Tuesday 2 December 08 - 05:38
 

Industry News

DavyMarkham engineers movement into new Gloucester lift bridge

A Sheffield heavy engineering company has won a £750,000 contract for the  mechanical, electrical and hydraulic elements for the new St Ann Way lifting bridge in Gloucester.

Hinge fabrications for the St Ann Way bridge
Hinge fabrications for the St Ann Way bridge

DavyMarkham will be responsible for the bridge’s main pivot bearings and brackets, hydraulic deck operating machinery, tail locking assemblies and electrical control equipment. It will also provide vehicular and pedestrian barriers, CCTV and PA systems, and an operator control desk for regulating bridge traffic and deck open/close routines.

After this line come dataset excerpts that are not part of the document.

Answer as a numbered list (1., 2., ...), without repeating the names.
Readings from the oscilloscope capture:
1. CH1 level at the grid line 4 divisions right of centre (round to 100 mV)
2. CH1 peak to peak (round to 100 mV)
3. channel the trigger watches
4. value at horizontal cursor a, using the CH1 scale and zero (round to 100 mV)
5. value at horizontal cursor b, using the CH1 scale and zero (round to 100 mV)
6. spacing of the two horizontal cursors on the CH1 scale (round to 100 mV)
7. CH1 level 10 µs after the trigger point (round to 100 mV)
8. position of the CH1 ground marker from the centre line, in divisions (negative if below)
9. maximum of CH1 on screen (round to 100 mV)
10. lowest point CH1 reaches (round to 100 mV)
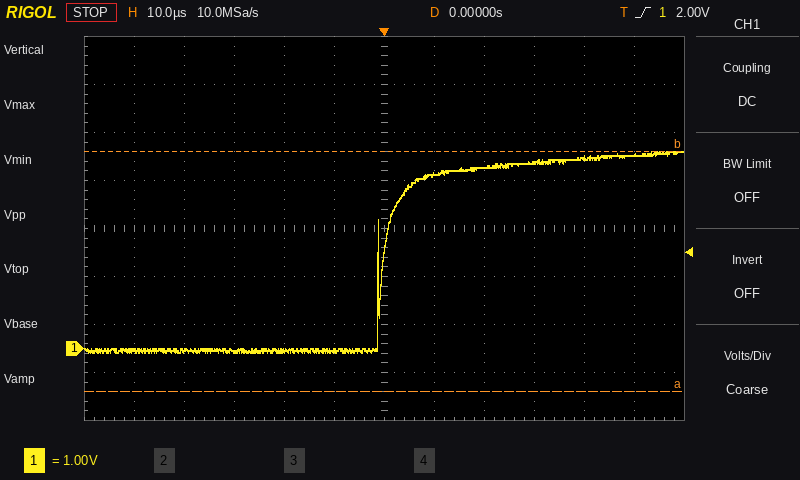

The new bridge has an elegant bascule design with a single counterbalanced 28m movable span, stiffened by tensioned cables attached to a tubular steel gantry and raised by means of two hydraulic cylinders. It will link the inner relief road to the newly-completed bypass, and provide a focal point for the regeneration of central Gloucester.

DavyMarkham has over 150 years’ industry experience of engineering movement into large steel structures, acquired through the design and fabrication of giant tunnel boring machines, mine hoists and water turbines, and has latterly applied these skills to building bridge mechanisms that lift, swing and swivel. These include the Gateshead Millennium Bridge, the unique corkscrewing Paddington Basin Helix Bridge, the arterial Selby By-Pass Swing Bridge, Hull’s historic Wellington Street Swivel Bridge and, now, Gloucester’s St Ann Way Lift Bridge.

The bridge will carry a single carriageway road, with shared pedestrian and cycling routes one either side, and provide a 6m draught to allow the majority of boats to pass beneath when lowered, although it will be raised for tall-masted vessels negotiating the main 12m-wide navigation channel.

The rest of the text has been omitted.